_YOUR TASK_
Please reproduce all entries word for word and omit their pictures.

_GIVEN RECORDS_
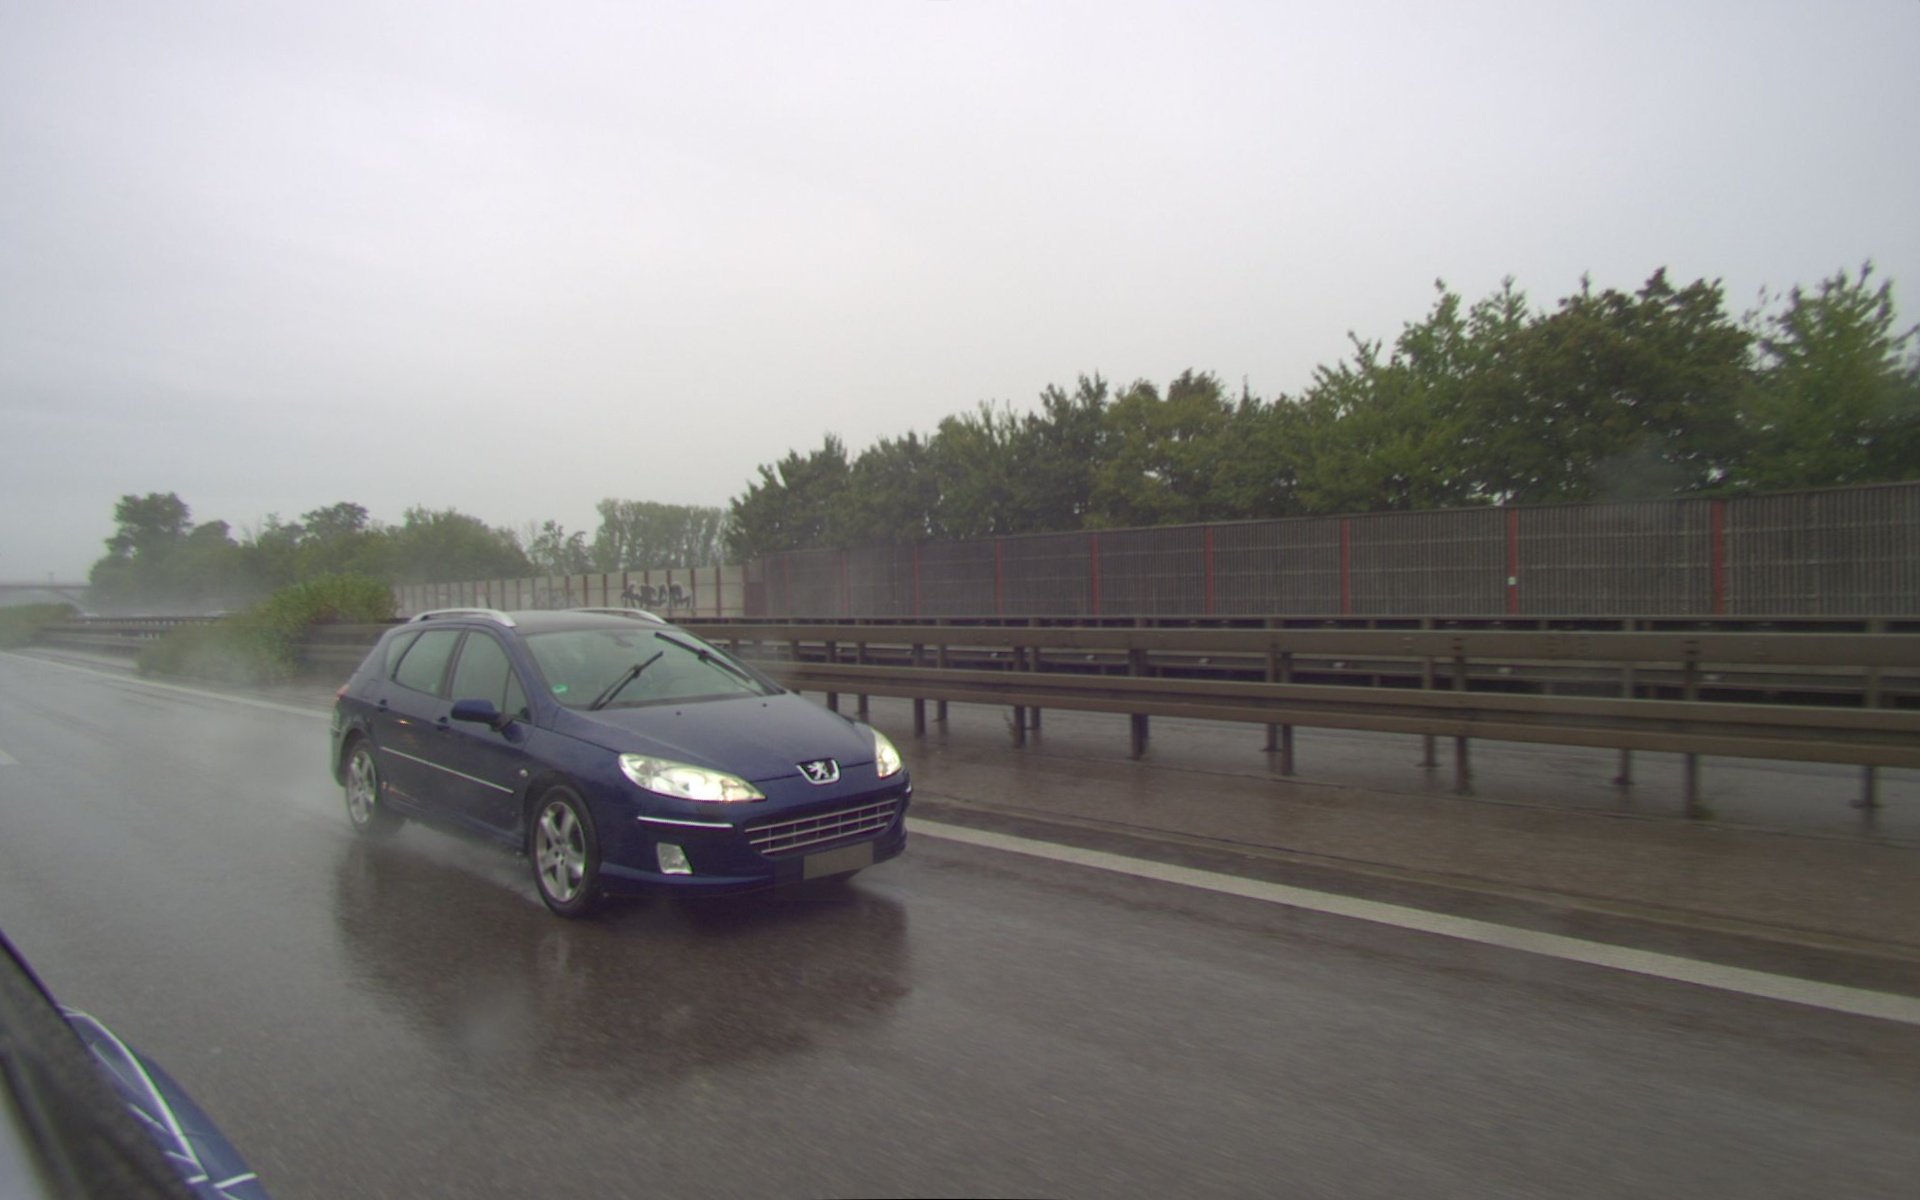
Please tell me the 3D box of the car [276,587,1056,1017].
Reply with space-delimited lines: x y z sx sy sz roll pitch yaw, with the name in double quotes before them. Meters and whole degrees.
"car" -2.117 0.738 6.019 5.156 1.496 2.032 -1 0 42
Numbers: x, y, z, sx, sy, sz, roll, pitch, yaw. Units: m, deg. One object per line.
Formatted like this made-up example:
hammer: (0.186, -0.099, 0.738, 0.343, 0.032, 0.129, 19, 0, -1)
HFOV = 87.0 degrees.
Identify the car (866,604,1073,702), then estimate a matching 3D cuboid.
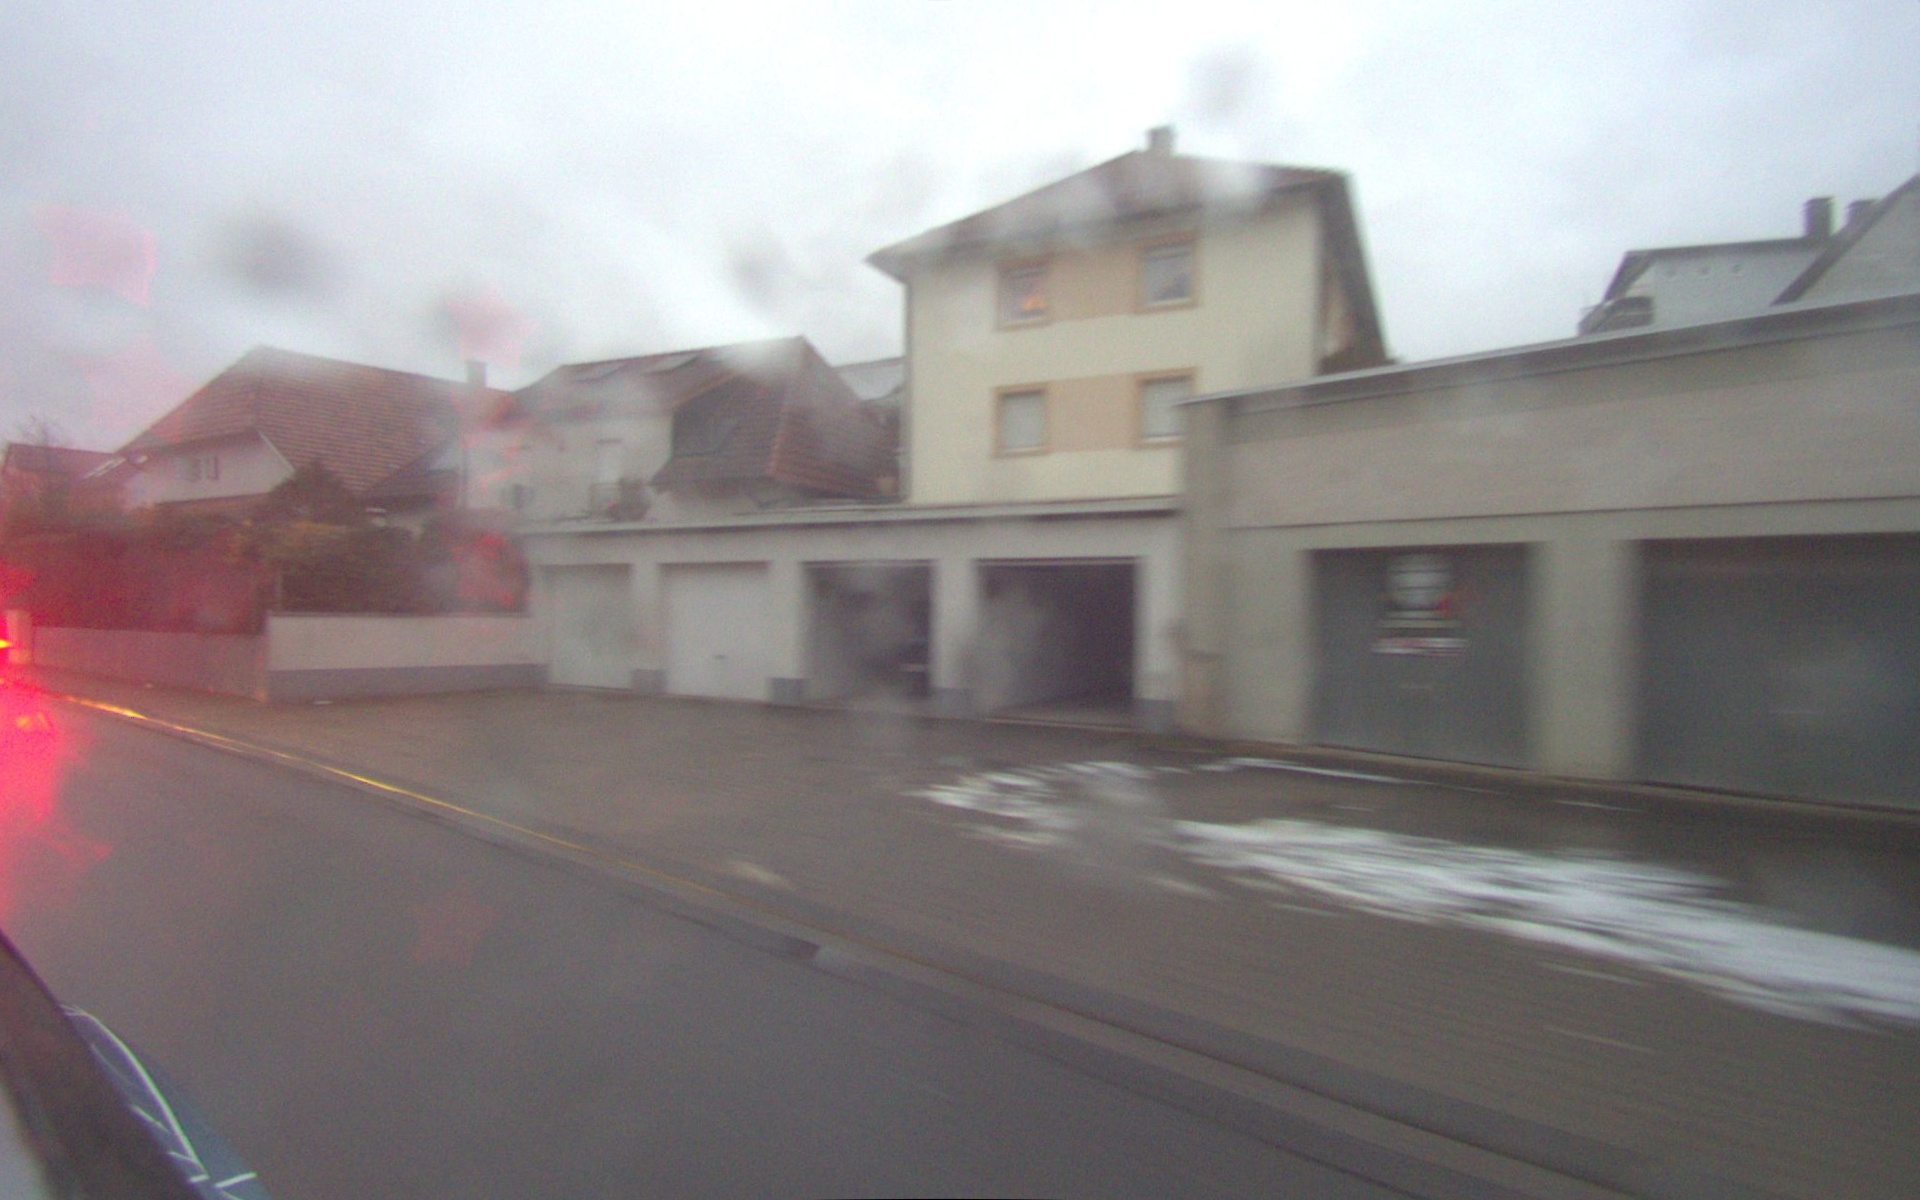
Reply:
car: (0.284, 0.788, 16.708, 1.754, 1.414, 3.960, -1, -1, 29)

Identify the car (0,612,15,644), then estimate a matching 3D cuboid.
car: (-51.255, 1.439, 51.880, 3.935, 1.674, 1.759, 0, -1, -37)

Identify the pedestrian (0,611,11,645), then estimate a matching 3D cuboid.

_RESULT OF THE TASK_
Please tell me the 3D box of the car [276,587,1056,1017].
Reply with space-delimited lines: x y z sx sy sz roll pitch yaw, with the name in double quotes before them. Meters and whole degrees.
"car" -2.117 0.738 6.019 5.156 1.496 2.032 -1 0 42
Numbers: x, y, z, sx, sy, sz, roll, pitch, yaw. Units: m, deg. One object per line.
Formatted like this made-up example:
hammer: (0.186, -0.099, 0.738, 0.343, 0.032, 0.129, 19, 0, -1)
HFOV = 87.0 degrees.
Identify the car (866,604,1073,702), then estimate a matching 3D cuboid.
Reply:
car: (0.284, 0.788, 16.708, 1.754, 1.414, 3.960, -1, -1, 29)

Identify the car (0,612,15,644), then estimate a matching 3D cuboid.
car: (-51.255, 1.439, 51.880, 3.935, 1.674, 1.759, 0, -1, -37)

Identify the pedestrian (0,611,11,645), then estimate a matching 3D cuboid.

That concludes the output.